Re: Best COPY Performance

From: "Luke Lonergan" <llonergan(at)greenplum(dot)com>
To: "Stefan Kaltenbrunner" <stefan(at)kaltenbrunner(dot)cc>
Cc: "Spiegelberg, Greg" <gspiegelberg(at)cranel(dot)com>, "Worky Workerson" <worky(dot)workerson(at)gmail(dot)com>, "Merlin Moncure" <mmoncure(at)gmail(dot)com>, pgsql-performance(at)postgresql(dot)org
Subject: Re: Best COPY Performance
Date: 2006-10-30 15:03:41
Message-ID: C16B625D.5708%llonergan@greenplum.com
Views: Raw Message | Whole Thread | Download mbox | Resend email
Thread:
Lists: pgsql-performance

Stefan,

On 10/30/06 8:57 AM, "Stefan Kaltenbrunner" <stefan(at)kaltenbrunner(dot)cc> wrote:

>> We've found that there is an ultimate bottleneck at about 12-14MB/s despite
>> having sequential write to disk speeds of 100s of MB/s. I forget what the
>> latest bottleneck was.
>
> I have personally managed to load a bit less then 400k/s (5 int columns
> no indexes) - on very fast disk hardware - at that point postgresql is
> completely CPU bottlenecked (2,6Ghz Opteron).

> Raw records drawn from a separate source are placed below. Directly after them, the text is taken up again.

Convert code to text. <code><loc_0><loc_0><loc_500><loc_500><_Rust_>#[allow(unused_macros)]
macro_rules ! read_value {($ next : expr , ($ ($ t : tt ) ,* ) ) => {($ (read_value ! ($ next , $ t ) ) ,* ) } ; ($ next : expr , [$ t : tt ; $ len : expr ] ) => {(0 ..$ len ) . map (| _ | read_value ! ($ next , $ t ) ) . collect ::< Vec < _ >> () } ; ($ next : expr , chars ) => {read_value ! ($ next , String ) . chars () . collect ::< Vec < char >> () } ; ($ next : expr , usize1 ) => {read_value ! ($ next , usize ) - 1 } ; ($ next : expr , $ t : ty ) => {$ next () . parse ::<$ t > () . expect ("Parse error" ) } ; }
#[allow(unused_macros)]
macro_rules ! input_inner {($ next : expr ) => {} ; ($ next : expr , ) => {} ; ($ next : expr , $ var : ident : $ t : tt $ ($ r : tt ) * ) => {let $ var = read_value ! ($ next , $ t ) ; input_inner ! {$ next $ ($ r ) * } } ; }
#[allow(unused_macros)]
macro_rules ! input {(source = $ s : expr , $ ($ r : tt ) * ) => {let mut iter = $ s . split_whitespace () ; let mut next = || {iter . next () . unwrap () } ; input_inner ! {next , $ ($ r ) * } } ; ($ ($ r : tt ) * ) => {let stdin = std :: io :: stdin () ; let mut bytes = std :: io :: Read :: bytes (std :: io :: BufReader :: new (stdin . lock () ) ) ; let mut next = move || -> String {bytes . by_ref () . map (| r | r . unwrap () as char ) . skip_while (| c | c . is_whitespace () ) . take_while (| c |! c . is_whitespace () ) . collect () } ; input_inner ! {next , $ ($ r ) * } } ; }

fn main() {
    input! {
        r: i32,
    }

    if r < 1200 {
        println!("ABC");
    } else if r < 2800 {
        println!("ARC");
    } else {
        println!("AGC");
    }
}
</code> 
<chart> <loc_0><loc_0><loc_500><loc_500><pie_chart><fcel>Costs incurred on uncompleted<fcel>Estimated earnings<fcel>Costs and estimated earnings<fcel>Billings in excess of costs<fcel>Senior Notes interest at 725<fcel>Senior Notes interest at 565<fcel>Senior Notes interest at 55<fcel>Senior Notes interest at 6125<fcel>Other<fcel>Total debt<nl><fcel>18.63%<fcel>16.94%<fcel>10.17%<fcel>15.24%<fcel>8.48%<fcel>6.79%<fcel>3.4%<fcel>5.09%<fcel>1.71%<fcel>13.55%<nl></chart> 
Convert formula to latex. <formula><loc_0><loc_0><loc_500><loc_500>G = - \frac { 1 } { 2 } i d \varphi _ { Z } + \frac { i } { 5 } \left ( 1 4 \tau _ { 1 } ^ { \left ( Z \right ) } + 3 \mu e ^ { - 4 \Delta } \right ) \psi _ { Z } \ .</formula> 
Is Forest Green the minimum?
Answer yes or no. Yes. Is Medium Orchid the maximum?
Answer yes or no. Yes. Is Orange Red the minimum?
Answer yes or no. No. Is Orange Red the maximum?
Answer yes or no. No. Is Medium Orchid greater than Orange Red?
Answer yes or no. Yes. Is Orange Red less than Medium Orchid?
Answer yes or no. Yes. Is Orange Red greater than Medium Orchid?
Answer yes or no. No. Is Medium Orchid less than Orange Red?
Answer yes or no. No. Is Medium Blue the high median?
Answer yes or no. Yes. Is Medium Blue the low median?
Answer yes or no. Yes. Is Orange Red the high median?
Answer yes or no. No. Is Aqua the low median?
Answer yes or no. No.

400,000 rows/s x 4 bytes/column x 5 columns/row = 8MB/s

> Using multiple processes to load the data will help to scale up to about
> 900k/s (4 processes on 4 cores).

18MB/s? Have you done this? I've not seen this much of an improvement
before by using multiple COPY processes to the same table.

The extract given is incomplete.